Por tanto, al acceder al trono, Isabel había adquirido una profunda inclinación hacia todo tipo de saberes y una honda predilección por el estudio que contagió a quienes se movían a su alrededor, procuró instruirse en otras lenguas, como prueba su tardío aprendizaje del latín, del que comprendió su significación histórico-cultural y su valor para la diplomacia; se preocupó de la educación de sus hijos, de los vástagos de la nobleza y de los allegados a la corte, y se esforzó por hablar y escribir con pulcritud el castellano, del qual supo valorar su alcance como instrumento político y cultural, apoyando su difusión221.

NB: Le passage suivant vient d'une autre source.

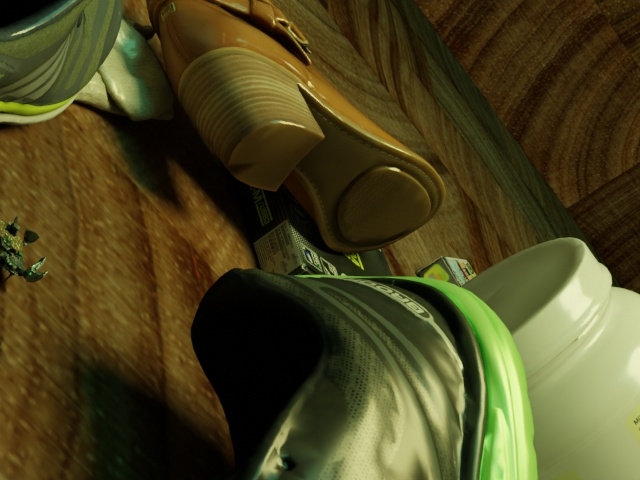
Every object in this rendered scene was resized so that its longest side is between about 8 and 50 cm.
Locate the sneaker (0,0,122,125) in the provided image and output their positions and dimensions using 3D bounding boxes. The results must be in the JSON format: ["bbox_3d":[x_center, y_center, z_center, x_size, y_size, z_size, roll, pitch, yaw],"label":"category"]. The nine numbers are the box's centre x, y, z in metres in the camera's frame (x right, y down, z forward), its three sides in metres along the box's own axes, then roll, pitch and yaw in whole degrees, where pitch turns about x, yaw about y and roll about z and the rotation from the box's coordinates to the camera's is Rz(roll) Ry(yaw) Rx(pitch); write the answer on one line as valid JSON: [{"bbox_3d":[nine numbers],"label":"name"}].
[{"bbox_3d":[-0.161,-0.125,0.652,0.111,0.121,0.300,54,20,-10],"label":"sneaker"}]

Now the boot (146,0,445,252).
[{"bbox_3d":[-0.027,-0.112,0.972,0.283,0.109,0.220,18,36,-48],"label":"boot"}]

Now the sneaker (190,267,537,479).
[{"bbox_3d":[0.004,0.197,0.529,0.202,0.185,0.483,17,35,-19],"label":"sneaker"}]

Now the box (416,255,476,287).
[{"bbox_3d":[0.189,0.116,1.378,0.207,0.036,0.114,60,17,13],"label":"box"}]

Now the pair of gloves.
[{"bbox_3d":[-0.187,-0.189,0.870,0.240,0.042,0.204,61,17,14],"label":"pair of gloves"}]

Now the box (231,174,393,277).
[{"bbox_3d":[0.000,0.000,1.040,0.184,0.045,0.190,35,27,-45],"label":"box"}]

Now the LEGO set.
[{"bbox_3d":[-0.168,-0.006,0.618,0.054,0.023,0.083,39,10,-51],"label":"LEGO set"}]

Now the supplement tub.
[{"bbox_3d":[0.212,0.185,0.955,0.325,0.235,0.235,54,16,-9],"label":"supplement tub"}]

N’oublions pas, cependant, qu’Isabelle n’était nullement destinée à régner, et n’a donc pas été éduquée en tant que future souveraine. Certains, notamment fray Martín de Córdoba avec son Jardín de nobles doncellas, tenteront donc d’écrire pour elle un miroir semblable à ceux qu’avaient reçus ses prédécesseurs masculins. En tant que destinataire de ce texte, Isabelle bénéficie de la résurgence d’une pratique que le Moyen Âge hispanique a pendant longtemps ignorée : celle d’écrire des textes destinés à éduquer la gent féminine.